The primary contribution of this paper is the development of sDPO. By employing a stepwise use of preference datasets, the method trains the model iteratively rather than using all data simultaneously, which is the standard approach in traditional DPO. This stepwise approach allows for the incorporation of progressively more aligned reference models during training, thereby maintaining a more consistent alignment as the training progresses.

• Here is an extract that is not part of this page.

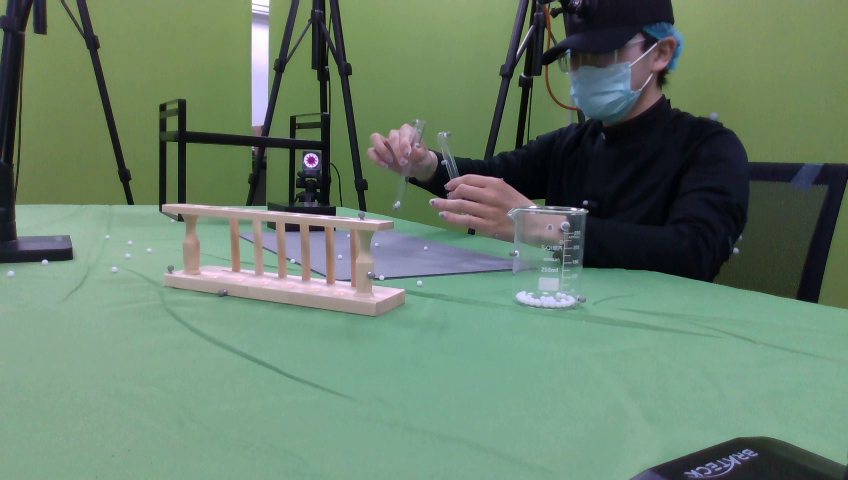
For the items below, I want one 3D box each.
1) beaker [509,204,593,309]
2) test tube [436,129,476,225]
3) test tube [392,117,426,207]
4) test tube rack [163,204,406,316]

The procedure involves using the aligned model from the previous step as the reference and target model for the current step, enhancing the alignment model's performance by using a lower bound that is already aligned to preferences to some extent. This method effectively contrasts with traditional methods that might rely on weaker, unaligned datasets.

Experimental Evaluation

The sDPO method was evaluated using models such as Mistral-7B-OpenOrca and OpenHermes-2.5-Mistral-7B, which are known for their performance efficiency. Significantly, the new approach exhibited superior performance by achieving higher H4 scores than models with substantially more parameters. The paper presented compelling quantitative results; for instance, the use of Intel-7B-DPO as the reference model resulted in top performance metrics, demonstrating the importance of the initial alignment level of reference models.

Further empirical assessment using multiple benchmark tasks from the HuggingFace Open LLM Leaderboard corroborated the enhanced performance of models trained with sDPO, with noticeable improvements in truthfulness and alignment, as reflected in the TruthfulQA scores.

Implications and Future Directions

From a theoretical perspective, the sDPO method refines the understanding of curriculum learning in LLM training, where models are exposed incrementally to more challenging datasets. Practically, this method presents a scalable and effective solution for achieving optimal model alignment without resorting to excessively large model architectures or datasets.

The future implications of sDPO are wide-reaching. By refining the use of existing preference datasets and enhancing model alignment incrementally, this method sets a foundation for exploring new strategies in preference optimization. An open question remains regarding the optimal segmentation of preference datasets for maximizing performance, a query that may drive the next phase of research.

In summary, the paper provides a comprehensive analysis of how stepwise preference dataset utilization can enhance LLM alignment tuning, placing sDPO as a compelling candidate for advancing AI alignment research. By leveraging more aligned reference models, sDPO offers a sophisticated approach that could influence future development practices in implementing alignment strategies in natural language processing.